Channel impairments oppose the data rate enhancement in wireless communication. In many applications such as wireless local area networks (WLAN) and indoor radio, the received signal contains components that have traveled from the transmitter to the receiver via multiple propagation paths with differing delays; this phenomenon is called multipath propagation and [8,9]. Multipath is more effective at high speed moving vehicle and high data rate as shown in Fig. 1. [10]. The multiple copies of a symbol interfere with the multiple copies of the previous symbol at high data rate. But if the data rate is sufficiently low then the probability of the interference is less. But for multimedia application higher data rate is required.

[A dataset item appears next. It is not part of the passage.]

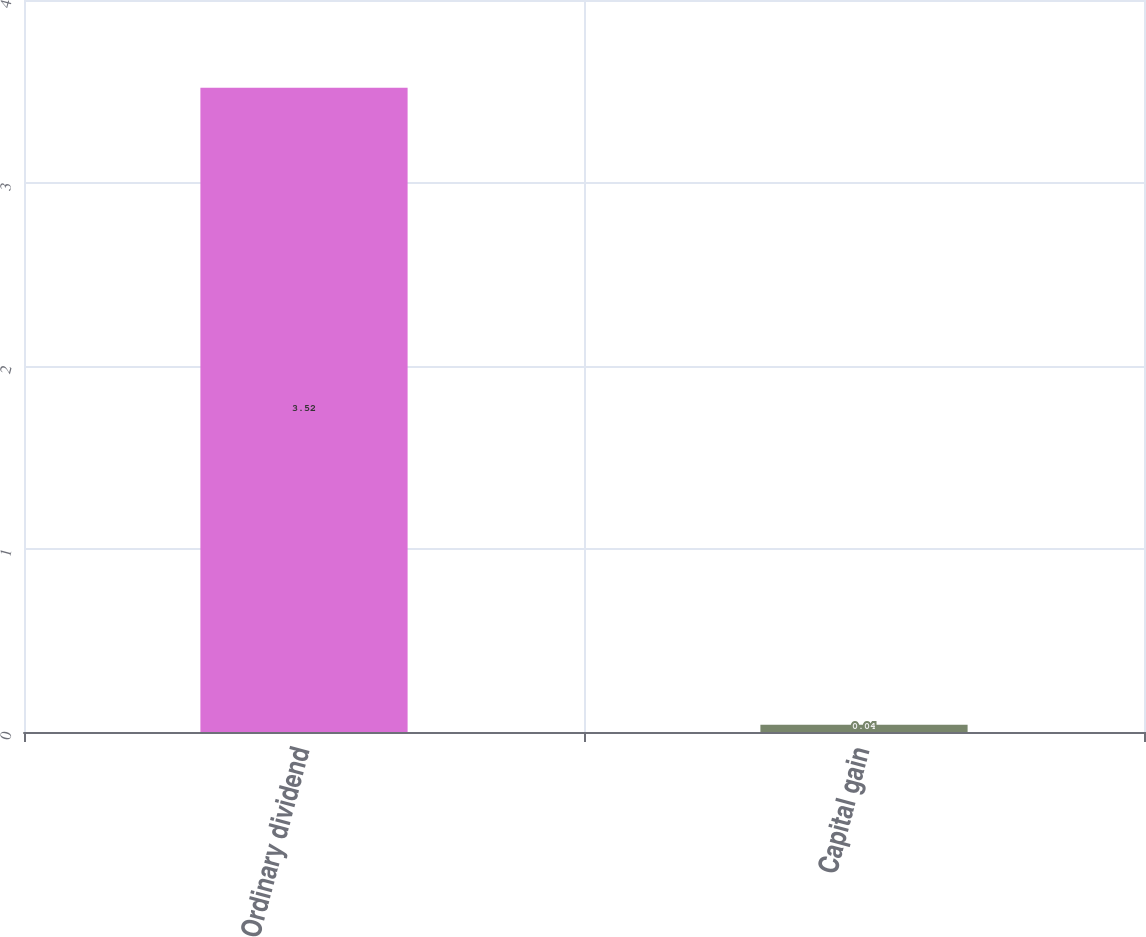Convert chart to OTSL. <chart><loc_0><loc_0><loc_500><loc_500><bar_chart><fcel>Ordinary dividend<fcel>Capital gain<nl><fcel>3.52<fcel>0.04<nl></chart>

Dedicated Short Range Communication ( DSRC ) :

Dedicated Short Range Communication (DSRC) [11], standard being promoted by the Intelligent Transportation Society of America and the United States Department of Transportation for short range communication in Intelligent Transportation System (ITS). A number of wireless solutions were evaluated for use as the primary communication medium for DSRC [12] which enables a new class of communication applications that will increase the overall safety and efficiency of the transportation system.

In first generation, DSRC was used for toll collection system operates at 915 MHz and has a transmission rate of 0.5 Mb/s. The Federal Communication Commission (FCC) [13] allocated the 75 MHz of bandwidth in the 5.9 GHz band for the second generation of DSRC. Since the allocation of the bandwidth, standardization bodies have been working on the implementation details of 5.9 GHz DSRC. To reduce the traffic hazards, the North American DSRC standards program aims at creating an interoperable standard for use in the US, Canada, and Mexico. 5.9 GHz DSRC spectrum is composed of six service channels which are each 10 MHz. Also, one control channel is provided by the DSRC standard, which is also 10 MHz and FCC recommends no unlicensed use of DSRC band. Fig. 2. provides the channel layout for DSRC.

The 902-928MHz band is full of traffic. Other devices that occupy the band are 900 MHz phones, rail car AEI readers, and wind profile radars. A number of wireless solutions were evaluated for use as the primary communication medium for DSRC [14]. In addition, the wireless technology must support a number of diverse communication schemes[11].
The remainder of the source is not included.